> Task prompt
Return all the entries exactly. No pictures.
[[ Records for this exercise open ]]
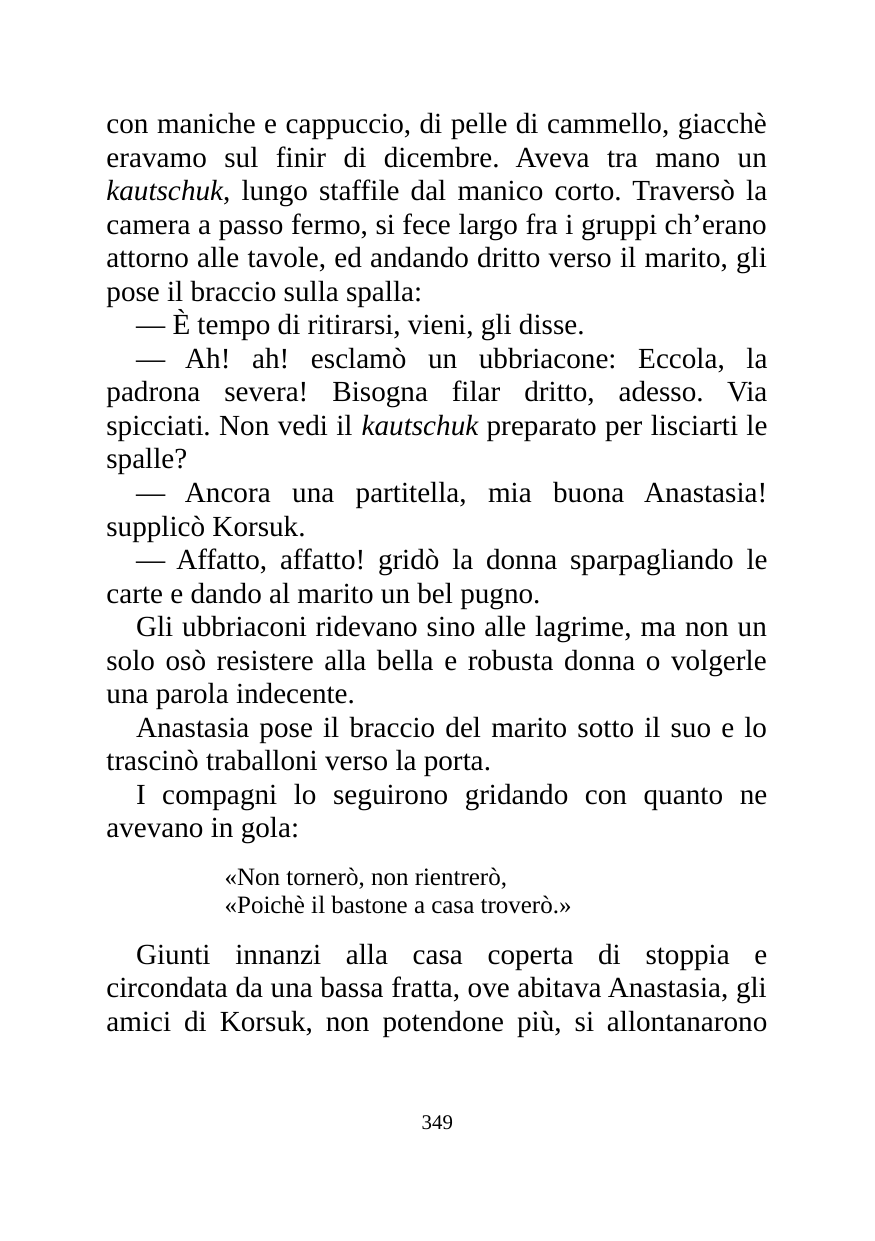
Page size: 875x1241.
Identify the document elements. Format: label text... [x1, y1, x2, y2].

text Anastasia pose il braccio del marito sotto il suo e lo trascinò traballoni verso la porta. [106, 710, 768, 777]
text Gli ubbriaconi ridevano sino alle lagrime, ma non un solo osò resistere alla bella e robusta donna o volgerle una parola indecente. [106, 609, 768, 710]
text I compagni lo seguirono gridando con quanto ne avevano in gola: [106, 777, 768, 844]
text — Ah! ah! esclamò un ubbriacone: Eccola, la padrona severa! Bisogna filar dritto, adesso. Via spicciati. Non vedi il kautschuk preparato per lisciarti le spalle? [106, 341, 768, 475]
text — Affatto, affatto! gridò la donna sparpagliando le carte e dando al marito un bel pugno. [106, 542, 768, 609]
text Giunti innanzi alla casa coperta di stoppia e circondata da una bassa fratta, ove abitava Anastasia, gli amici di Korsuk, non potendone più, si allontanarono [106, 937, 768, 1038]
text con maniche e cappuccio, di pelle di cammello, giacchè eravamo sul finir di dicembre. Aveva tra mano un kautschuk, lungo staffile dal manico corto. Traversò la camera a passo fermo, si fece largo fra i gruppi ch’erano attorno alle tavole, ed andando dritto verso il marito, gli pose il braccio sulla spalla: [106, 106, 768, 307]
text «Non tornerò, non rientrerò, «Poichè il bastone a casa troverò.» [224, 862, 768, 919]
text — Ancora una partitella, mia buona Anastasia! supplicò Korsuk. [106, 475, 768, 542]
text — È tempo di ritirarsi, vieni, gli disse. [106, 307, 768, 341]
[[ Records for this exercise closed ]]
> Answer for the task
Page size: 875x1241.
Identify the document elements. Format: label text... [x1, y1, x2, y2].

text Anastasia pose il braccio del marito sotto il suo e lo trascinò traballoni verso la porta. [106, 710, 768, 777]
text Gli ubbriaconi ridevano sino alle lagrime, ma non un solo osò resistere alla bella e robusta donna o volgerle una parola indecente. [106, 609, 768, 710]
text I compagni lo seguirono gridando con quanto ne avevano in gola: [106, 777, 768, 844]
text — Ah! ah! esclamò un ubbriacone: Eccola, la padrona severa! Bisogna filar dritto, adesso. Via spicciati. Non vedi il kautschuk preparato per lisciarti le spalle? [106, 341, 768, 475]
text — Affatto, affatto! gridò la donna sparpagliando le carte e dando al marito un bel pugno. [106, 542, 768, 609]
text Giunti innanzi alla casa coperta di stoppia e circondata da una bassa fratta, ove abitava Anastasia, gli amici di Korsuk, non potendone più, si allontanarono [106, 937, 768, 1038]
text con maniche e cappuccio, di pelle di cammello, giacchè eravamo sul finir di dicembre. Aveva tra mano un kautschuk, lungo staffile dal manico corto. Traversò la camera a passo fermo, si fece largo fra i gruppi ch’erano attorno alle tavole, ed andando dritto verso il marito, gli pose il braccio sulla spalla: [106, 106, 768, 307]
text «Non tornerò, non rientrerò, «Poichè il bastone a casa troverò.» [224, 862, 768, 919]
text — Ancora una partitella, mia buona Anastasia! supplicò Korsuk. [106, 475, 768, 542]
text — È tempo di ritirarsi, vieni, gli disse. [106, 307, 768, 341]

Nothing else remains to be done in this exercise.